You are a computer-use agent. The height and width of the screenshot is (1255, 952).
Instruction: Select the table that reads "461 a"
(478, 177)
==
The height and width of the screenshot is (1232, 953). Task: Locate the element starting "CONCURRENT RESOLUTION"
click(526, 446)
--
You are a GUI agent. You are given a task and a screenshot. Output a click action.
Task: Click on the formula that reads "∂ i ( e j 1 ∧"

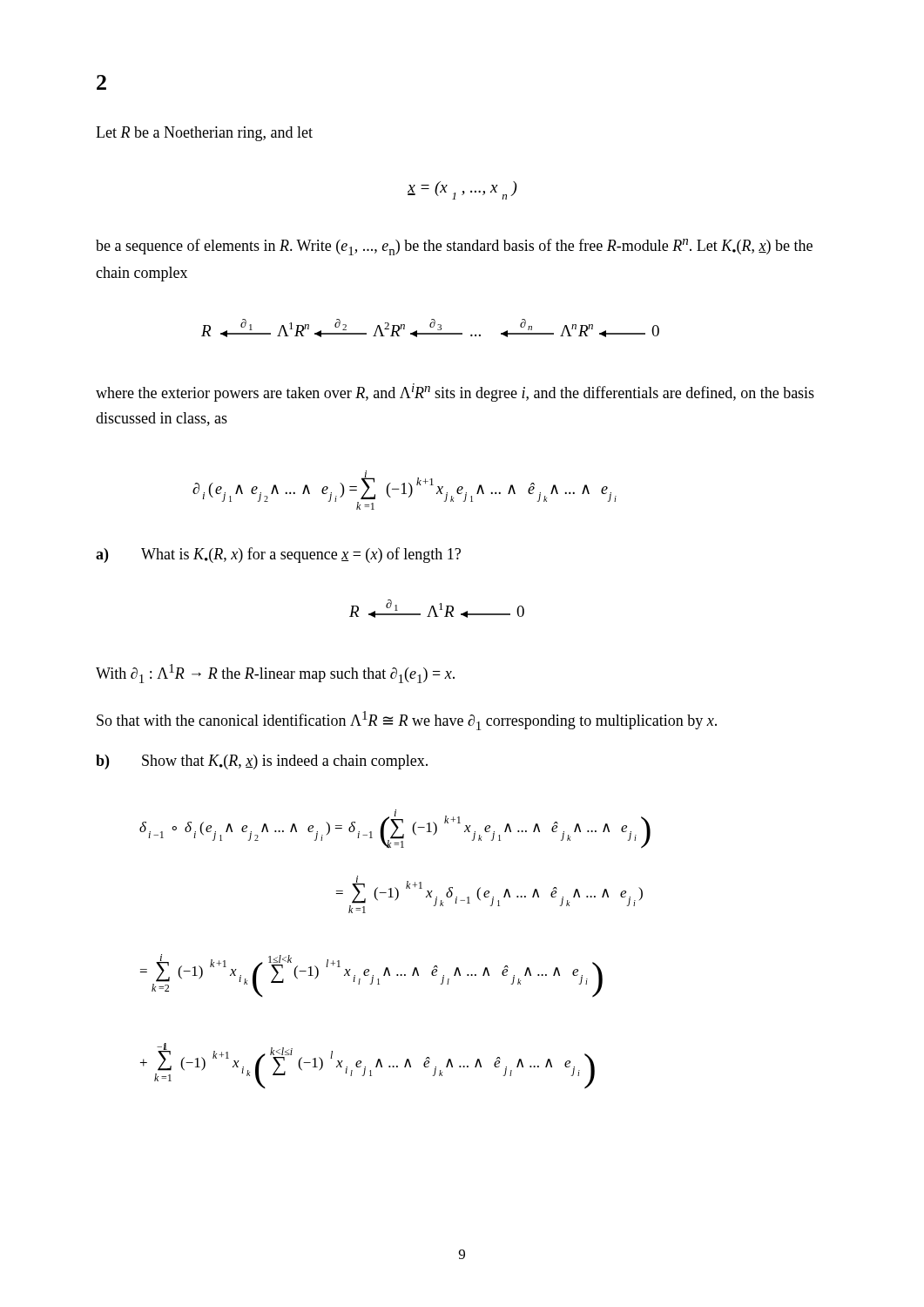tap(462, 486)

**Exercise brief**
The required output is a copy of each line in the records where the string "agent" occurs.

**Answer section**
You are a computer-use agent. The height and width of the screenshot is (1255, 952).
You are a GUI agent. You are given a task and a screenshot. Output a click action.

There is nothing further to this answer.